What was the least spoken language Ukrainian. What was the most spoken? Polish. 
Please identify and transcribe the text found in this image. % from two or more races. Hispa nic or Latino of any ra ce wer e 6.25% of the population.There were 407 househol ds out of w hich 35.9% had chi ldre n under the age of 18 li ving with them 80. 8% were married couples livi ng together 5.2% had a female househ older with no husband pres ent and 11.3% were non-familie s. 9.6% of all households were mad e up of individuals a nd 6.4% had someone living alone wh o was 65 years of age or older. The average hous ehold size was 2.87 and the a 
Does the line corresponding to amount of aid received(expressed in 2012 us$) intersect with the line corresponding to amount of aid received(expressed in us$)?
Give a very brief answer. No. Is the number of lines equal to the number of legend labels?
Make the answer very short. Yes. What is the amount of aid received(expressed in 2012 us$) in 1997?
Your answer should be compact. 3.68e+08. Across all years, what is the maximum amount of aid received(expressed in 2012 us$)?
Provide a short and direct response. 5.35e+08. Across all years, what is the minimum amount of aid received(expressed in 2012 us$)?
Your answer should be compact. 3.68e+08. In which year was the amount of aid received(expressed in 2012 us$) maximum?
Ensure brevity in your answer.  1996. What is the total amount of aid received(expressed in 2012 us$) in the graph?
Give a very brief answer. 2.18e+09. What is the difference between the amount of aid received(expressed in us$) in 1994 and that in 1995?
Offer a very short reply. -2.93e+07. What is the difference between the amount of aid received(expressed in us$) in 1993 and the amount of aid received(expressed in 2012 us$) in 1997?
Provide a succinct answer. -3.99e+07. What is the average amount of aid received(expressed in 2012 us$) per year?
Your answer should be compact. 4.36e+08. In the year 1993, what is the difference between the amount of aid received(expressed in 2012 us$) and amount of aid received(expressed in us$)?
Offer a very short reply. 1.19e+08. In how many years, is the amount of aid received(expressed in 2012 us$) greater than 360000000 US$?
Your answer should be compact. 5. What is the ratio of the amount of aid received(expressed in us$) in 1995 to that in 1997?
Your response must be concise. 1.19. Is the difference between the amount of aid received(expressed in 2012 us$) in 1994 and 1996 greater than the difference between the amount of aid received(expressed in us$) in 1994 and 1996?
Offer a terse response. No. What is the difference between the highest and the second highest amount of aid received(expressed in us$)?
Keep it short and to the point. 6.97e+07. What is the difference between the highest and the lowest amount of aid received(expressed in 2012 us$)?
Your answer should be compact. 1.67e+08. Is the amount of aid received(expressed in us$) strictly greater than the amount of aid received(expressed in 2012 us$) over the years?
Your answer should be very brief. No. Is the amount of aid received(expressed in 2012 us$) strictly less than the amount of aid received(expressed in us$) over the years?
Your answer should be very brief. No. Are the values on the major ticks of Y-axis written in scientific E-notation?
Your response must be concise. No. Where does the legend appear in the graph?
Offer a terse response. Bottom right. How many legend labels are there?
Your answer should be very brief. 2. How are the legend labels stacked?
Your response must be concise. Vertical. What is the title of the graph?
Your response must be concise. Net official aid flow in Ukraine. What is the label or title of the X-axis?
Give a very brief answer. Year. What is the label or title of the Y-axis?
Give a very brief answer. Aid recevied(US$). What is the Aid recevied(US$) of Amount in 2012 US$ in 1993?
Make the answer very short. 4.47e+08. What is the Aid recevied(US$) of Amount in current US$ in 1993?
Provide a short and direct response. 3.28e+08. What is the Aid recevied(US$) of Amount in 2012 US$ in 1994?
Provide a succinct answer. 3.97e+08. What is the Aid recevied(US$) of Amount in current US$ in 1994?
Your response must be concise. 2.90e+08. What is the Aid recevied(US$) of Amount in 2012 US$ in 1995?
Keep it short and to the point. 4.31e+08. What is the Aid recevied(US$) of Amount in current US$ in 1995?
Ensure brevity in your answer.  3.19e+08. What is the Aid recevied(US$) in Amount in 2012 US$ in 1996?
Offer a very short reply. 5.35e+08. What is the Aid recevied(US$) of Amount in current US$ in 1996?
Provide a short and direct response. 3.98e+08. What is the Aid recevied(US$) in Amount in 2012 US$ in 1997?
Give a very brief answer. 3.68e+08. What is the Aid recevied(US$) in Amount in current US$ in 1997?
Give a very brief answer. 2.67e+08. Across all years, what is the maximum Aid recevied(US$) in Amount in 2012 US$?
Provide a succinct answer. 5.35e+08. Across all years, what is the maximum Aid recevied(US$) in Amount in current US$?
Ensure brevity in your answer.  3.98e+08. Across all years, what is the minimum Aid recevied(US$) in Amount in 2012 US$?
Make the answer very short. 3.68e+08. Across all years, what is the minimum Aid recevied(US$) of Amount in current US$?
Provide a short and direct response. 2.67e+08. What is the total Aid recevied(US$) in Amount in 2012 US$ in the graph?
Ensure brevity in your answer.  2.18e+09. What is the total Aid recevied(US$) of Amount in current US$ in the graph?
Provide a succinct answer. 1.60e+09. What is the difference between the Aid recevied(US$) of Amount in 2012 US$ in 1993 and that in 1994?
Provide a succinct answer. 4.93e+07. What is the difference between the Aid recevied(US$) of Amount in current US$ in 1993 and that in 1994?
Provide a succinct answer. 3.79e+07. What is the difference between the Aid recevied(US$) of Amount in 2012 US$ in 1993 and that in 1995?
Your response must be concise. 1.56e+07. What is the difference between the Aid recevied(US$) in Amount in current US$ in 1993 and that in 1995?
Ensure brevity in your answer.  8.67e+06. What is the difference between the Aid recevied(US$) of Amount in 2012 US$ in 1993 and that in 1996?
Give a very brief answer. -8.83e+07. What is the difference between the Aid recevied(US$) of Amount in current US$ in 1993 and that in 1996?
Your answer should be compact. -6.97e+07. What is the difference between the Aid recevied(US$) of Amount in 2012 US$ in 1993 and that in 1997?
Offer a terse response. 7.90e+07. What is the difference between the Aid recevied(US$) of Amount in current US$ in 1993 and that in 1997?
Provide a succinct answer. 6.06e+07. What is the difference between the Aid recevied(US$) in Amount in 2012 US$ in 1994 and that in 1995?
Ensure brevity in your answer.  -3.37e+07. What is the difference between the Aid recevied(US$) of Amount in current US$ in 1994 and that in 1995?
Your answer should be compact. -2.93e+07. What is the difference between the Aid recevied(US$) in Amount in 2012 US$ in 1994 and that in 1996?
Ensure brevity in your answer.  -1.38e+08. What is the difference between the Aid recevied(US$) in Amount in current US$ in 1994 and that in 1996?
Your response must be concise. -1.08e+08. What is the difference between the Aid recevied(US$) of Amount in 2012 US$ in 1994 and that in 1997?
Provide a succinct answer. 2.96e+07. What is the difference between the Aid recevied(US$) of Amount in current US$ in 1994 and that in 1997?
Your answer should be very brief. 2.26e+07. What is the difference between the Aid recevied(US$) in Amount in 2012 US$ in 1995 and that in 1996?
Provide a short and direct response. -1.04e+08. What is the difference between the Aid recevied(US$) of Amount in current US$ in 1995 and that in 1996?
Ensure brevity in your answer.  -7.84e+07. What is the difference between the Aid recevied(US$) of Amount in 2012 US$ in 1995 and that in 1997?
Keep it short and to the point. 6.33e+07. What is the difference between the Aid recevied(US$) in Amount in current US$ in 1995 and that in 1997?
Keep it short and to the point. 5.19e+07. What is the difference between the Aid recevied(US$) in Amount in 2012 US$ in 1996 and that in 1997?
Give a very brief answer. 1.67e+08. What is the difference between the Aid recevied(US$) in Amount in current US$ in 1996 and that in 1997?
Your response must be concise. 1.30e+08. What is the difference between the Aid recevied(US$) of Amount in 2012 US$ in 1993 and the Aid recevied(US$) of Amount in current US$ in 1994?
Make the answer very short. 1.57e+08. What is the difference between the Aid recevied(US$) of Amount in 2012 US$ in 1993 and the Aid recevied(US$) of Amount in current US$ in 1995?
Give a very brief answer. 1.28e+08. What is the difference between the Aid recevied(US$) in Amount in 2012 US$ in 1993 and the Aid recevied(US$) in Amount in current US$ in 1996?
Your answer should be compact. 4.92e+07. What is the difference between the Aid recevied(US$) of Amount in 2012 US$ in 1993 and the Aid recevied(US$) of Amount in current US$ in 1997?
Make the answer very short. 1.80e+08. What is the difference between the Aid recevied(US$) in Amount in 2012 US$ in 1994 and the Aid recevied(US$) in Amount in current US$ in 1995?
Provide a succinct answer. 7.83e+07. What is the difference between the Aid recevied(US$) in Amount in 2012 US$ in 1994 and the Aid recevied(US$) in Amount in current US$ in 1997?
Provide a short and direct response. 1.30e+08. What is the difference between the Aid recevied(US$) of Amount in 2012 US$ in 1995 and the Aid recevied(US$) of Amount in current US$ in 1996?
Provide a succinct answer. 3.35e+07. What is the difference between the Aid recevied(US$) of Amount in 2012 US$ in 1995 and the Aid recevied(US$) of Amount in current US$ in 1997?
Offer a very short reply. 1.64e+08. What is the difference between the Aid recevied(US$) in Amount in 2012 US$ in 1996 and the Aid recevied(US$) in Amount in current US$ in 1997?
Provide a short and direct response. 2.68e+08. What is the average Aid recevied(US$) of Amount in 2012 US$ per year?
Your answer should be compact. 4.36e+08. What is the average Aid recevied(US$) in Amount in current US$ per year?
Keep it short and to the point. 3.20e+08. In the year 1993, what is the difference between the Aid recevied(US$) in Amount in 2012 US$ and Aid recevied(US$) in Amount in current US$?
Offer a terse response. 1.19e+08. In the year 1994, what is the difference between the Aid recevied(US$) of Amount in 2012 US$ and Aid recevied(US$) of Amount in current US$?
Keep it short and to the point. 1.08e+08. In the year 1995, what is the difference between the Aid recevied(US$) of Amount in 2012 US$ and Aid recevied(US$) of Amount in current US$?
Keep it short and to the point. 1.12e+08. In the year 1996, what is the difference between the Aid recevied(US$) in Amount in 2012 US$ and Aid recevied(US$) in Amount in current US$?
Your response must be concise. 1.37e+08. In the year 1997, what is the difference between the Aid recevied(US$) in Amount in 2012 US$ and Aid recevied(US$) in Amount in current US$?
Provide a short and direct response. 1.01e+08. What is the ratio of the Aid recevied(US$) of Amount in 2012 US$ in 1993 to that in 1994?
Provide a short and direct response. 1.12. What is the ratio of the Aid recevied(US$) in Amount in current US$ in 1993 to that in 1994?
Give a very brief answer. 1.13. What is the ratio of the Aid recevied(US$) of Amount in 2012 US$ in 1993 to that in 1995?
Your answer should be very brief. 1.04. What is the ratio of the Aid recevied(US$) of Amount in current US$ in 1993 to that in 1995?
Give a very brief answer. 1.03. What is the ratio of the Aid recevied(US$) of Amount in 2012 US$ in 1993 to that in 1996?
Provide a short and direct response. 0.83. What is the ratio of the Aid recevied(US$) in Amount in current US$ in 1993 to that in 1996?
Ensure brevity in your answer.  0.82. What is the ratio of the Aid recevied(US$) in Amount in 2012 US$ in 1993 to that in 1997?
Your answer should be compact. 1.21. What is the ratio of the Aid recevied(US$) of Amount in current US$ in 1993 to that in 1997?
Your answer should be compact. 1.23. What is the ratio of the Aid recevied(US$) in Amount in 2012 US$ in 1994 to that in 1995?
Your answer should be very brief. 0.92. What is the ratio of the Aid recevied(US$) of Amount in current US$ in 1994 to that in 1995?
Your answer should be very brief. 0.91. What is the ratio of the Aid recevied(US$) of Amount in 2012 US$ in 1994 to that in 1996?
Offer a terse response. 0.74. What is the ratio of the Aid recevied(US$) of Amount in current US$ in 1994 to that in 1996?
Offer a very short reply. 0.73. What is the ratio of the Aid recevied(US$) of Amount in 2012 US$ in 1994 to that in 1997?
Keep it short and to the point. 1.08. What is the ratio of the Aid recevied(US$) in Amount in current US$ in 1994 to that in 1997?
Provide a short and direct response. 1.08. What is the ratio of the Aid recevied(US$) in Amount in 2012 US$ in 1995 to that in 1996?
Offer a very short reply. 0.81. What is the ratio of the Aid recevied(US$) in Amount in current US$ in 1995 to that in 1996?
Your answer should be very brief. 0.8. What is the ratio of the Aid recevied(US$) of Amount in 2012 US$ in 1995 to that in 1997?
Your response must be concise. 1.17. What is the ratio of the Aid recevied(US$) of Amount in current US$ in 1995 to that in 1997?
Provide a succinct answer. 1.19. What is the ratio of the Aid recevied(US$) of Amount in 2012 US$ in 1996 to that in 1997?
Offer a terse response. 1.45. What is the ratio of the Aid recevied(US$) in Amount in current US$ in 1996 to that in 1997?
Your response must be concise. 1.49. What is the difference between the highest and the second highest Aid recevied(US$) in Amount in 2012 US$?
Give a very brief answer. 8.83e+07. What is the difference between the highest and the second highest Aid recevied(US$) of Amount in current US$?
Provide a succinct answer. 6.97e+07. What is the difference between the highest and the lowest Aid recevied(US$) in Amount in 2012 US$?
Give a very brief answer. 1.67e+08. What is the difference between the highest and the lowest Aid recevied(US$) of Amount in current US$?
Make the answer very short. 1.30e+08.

§ §

Requirement
Here the output must be the lines above from the line with "Your response must be concise. 1.49." to the line with "lowest Aid recevied(US$) of Amount in current US$?", both included, duplicated word for word and nothing else.

Response box
Your response must be concise. 1.49. What is the difference between the highest and the second highest Aid recevied(US$) in Amount in 2012 US$?
Give a very brief answer. 8.83e+07. What is the difference between the highest and the second highest Aid recevied(US$) of Amount in current US$?
Provide a succinct answer. 6.97e+07. What is the difference between the highest and the lowest Aid recevied(US$) in Amount in 2012 US$?
Give a very brief answer. 1.67e+08. What is the difference between the highest and the lowest Aid recevied(US$) of Amount in current US$?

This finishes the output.